V.A. Graicunas computed it in 1933: a manager with six direct reports isn't managing six relationships — counting cross-relationships and group permutations, he's managing 222. Add a seventh report and it's 490. That geometric explosion is why span of control settled at five to nine people, and why every large organisation is a pyramid. The arithmetic left no choice.
The term that drops out
AI agents have no relationships to maintain. No morale to protect, no rivalries to referee, no 1:1s, no career conversations. Between six agents there are zero cross-relationships that need a manager's attention. Graicunas's geometric term — the thing that made wide spans impossible — drops out of the equation entirely.
So what limits how much one person can run?
The new constraints
Two things, and only two:
How many distinct briefs you can write well. Every delegated stream needs a definition of done, curated context, and constraints. Specification is the new supervision.

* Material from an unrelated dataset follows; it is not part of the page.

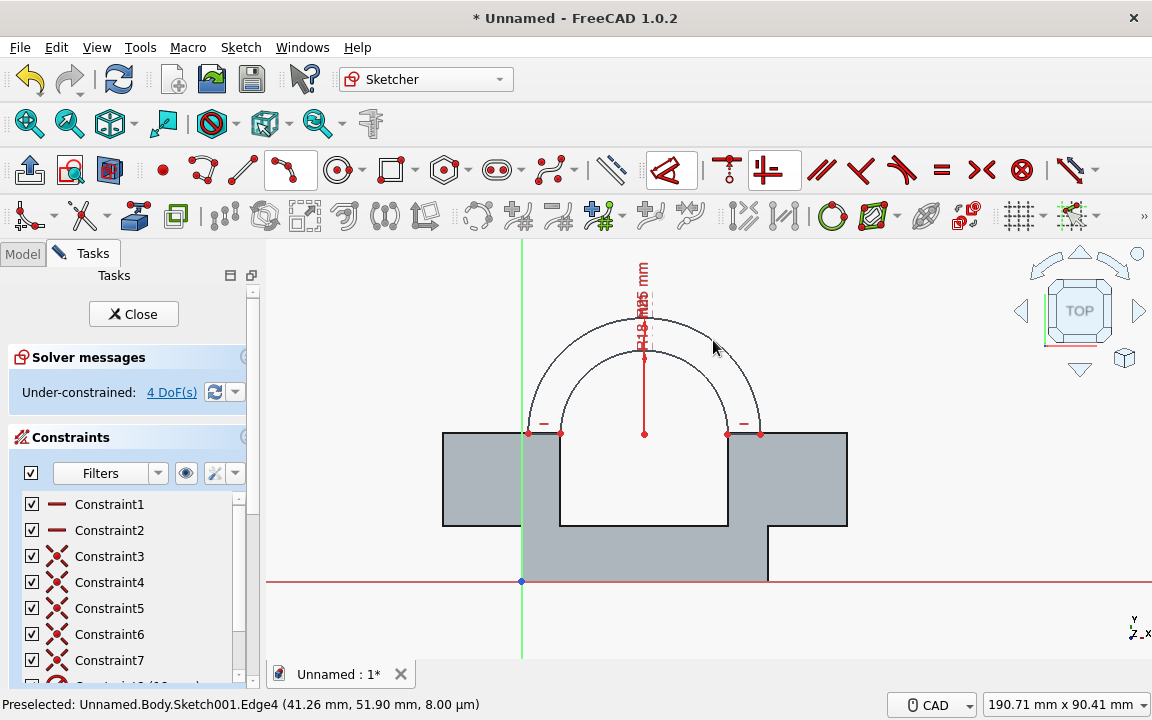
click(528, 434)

How much output you can verify. Delegated work returns, and someone has to judge it against the brief — the verification inversion guarantees this can't be skipped.
Span of control was limited by relationships. Span of specification is limited by briefs and review bandwidth — and both are learnable.

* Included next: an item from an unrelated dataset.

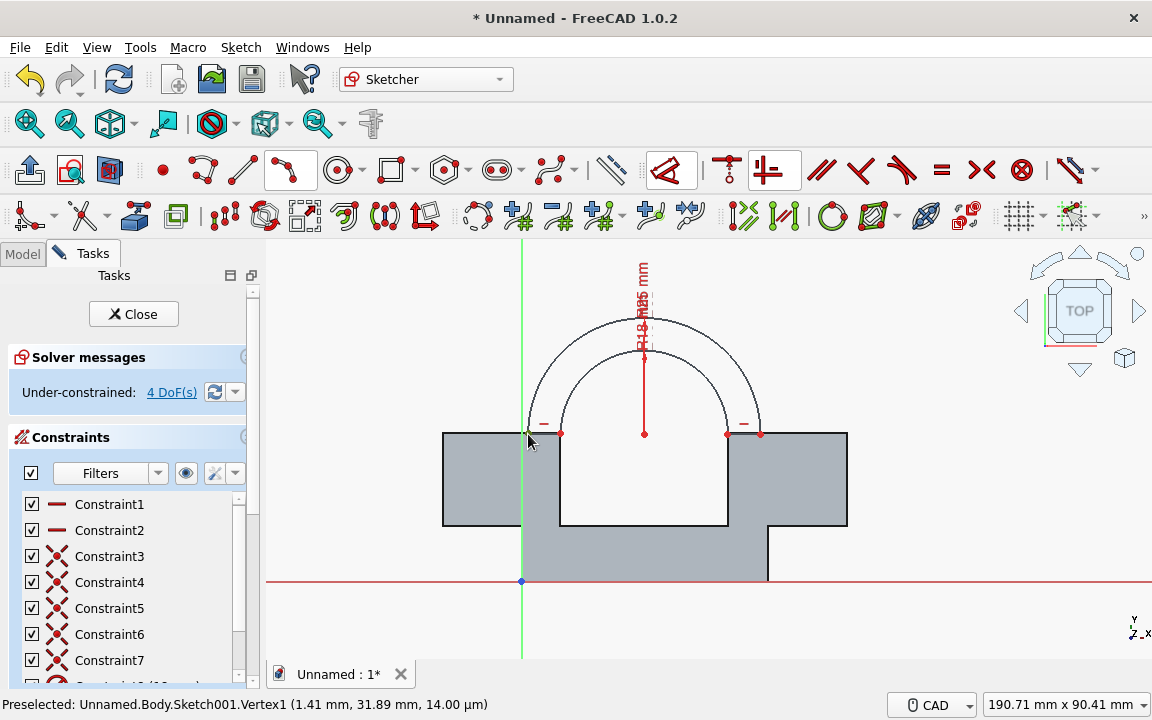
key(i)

Why this changes careers, not just org charts
Both constraints compound in your favour. A brief, once written, is reusable — the tenth weekly competitor digest costs minutes to delegate, not hours. Verification gets faster as your definition-of-done discipline improves. A high-DQ operator quietly runs a span of ten, twenty, fifty concurrent workstreams — an org chart that classical management math says requires a department and three layers.
This is the precise mechanism behind the claim that output should stop correlating with hours. It's not hustle. It's that the 1933 equation no longer applies to you — if your briefs are good enough.